Le « détricotage » de l’idéal européen ?
La montée des partis nationalistes en Europe, le chantage britannique au « Brexit », les vagues de réfugiés qui frappent aux portes des pays de l’Europe qui reconstruisent leurs frontières : tout cela conduit de plus en plus de citoyens à exprimer leur scepticisme sur le projet européen. Interrogé en décembre 2015 par le journal l’Opinion, Michel Rocard déclarait ceci : « Je suis devenu socialiste car la SFIO portait un idéal européen. Cette conviction ne m’a jamais lâchée mais je m’épuise. J’ai passé quinze ans au Parlement européen, participé à tous les colloques et assisté au détricotage de l’idéal. (…) On n’a jamais retrouvé l’enthousiasme fédéralisant des fondateurs incarné par les démocrates-chrétiens et les sociaux-démocrates ».

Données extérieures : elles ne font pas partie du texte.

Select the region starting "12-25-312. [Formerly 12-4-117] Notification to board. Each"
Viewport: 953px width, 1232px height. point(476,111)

L’accueil de nouveaux pays membres dans la Communauté avait conduit Jacques Delors à s’interroger : « Aujourd’hui, l’Europe ressemble à un ménage qui vient d’acheter un appartement dans une maison. Il a ajouté deux, trois pièces, mais il n’a pas d’architecte qui pense l’ensemble et réponde à la question centrale : pourquoi voulons-nous vivre et agir ensemble ? ». Ce qui conduit le philosophe Allemand Jürgen Habermas à affirmer : « Ce qui est célébré aujourd’hui comme modèle social européen ne peut être défendu que si, dans le cadre même de l’Europe, la politique est capable de revenir à la hauteur des marchés. Ce n’est qu’au niveau européen que l’on pourra récupérer tout ou partie de la capacité de régulation politique de toute façon perdue au niveau de l’État-Nation »1.

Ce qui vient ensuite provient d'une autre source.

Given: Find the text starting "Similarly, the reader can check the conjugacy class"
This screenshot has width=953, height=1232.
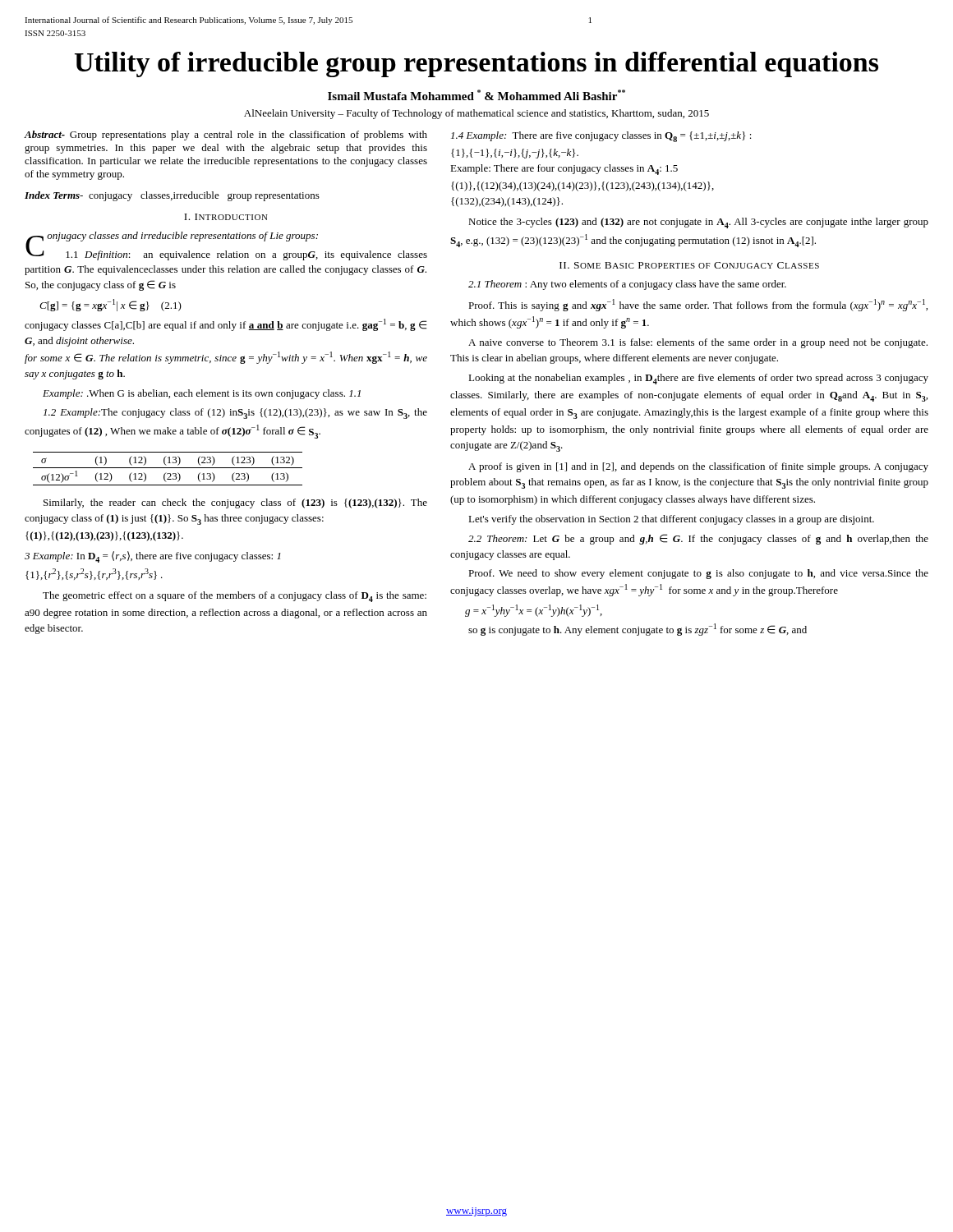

Lorsqu’on ne sait plus proposer aux peuples un élan vers plus d’ouverture, de justice et de solidarité, on peut tenter de les distraire en agrandissant le super marché de leur consommation. Au risque d’augmenter les frustrations de ceux qui se sentent de plus en plus largués dans une aventure dont la plupart des médias n’expriment que le point de vue de gagnants.
La construction européenne est l’apprentissage d’un rapport au politique comme pouvoir de régulation et non comme source d’identité. Comme l’écrit Jeremy Rifkin « L’union européenne est la première expérience d’institution gouvernementale dans un monde qui renonce progressivement au niveau géographique pour accéder à la sphère planétaire. Elle ne régit pas des relations de propriété au sein des territoires, elle gère bien davantage une activité humaine incessante et constamment mouvante dans des réseaux mondiaux »2. Une telle mutation n’est possible que si se met en place un travail d’évolution des consciences vers une responsabilité citoyenne planétaire.
C’est d’ailleurs ce qu’écrivait un des « Pères de l’Europe », Jean Monnet, au terme de ses Mémoires : « Ai-je assez fait comprendre que la Communauté que nous avons créée n’a pas sa fin en elle-même ? Elle est un processus de transformation qui continue celui dont nos formes de vie nationale sont issues … Les nations souveraines du passé ne sont plus le cadre où peuvent se résoudre les problèmes du présent. Et la Communauté elle-même n’est qu’une étape vers les formes d’organisation du monde de demain »3.
Plus que jamais, nous devons apprendre à conjuguer la diversité de nos identités culturelles et une citoyenneté post nationale dans un monde où les interdépendances croissantes vouent à l’échec tous les replis identitaires.
Bernard Ginisty
1 – Jürgen Habermas : Sur l’Europe, éditions Bayard, 2006, page 51.
2 – Jeremy Rifkin : Le rêve européen ou comment l’Europe se substitue peu à peu à l’Amérique dans notre imaginaire, éditions Fayard, 2005, page 288.
3 – Jean Monnet : Mémoires, Tome 2, éditions Le livre de poche, 1976 n° 5183, page 794.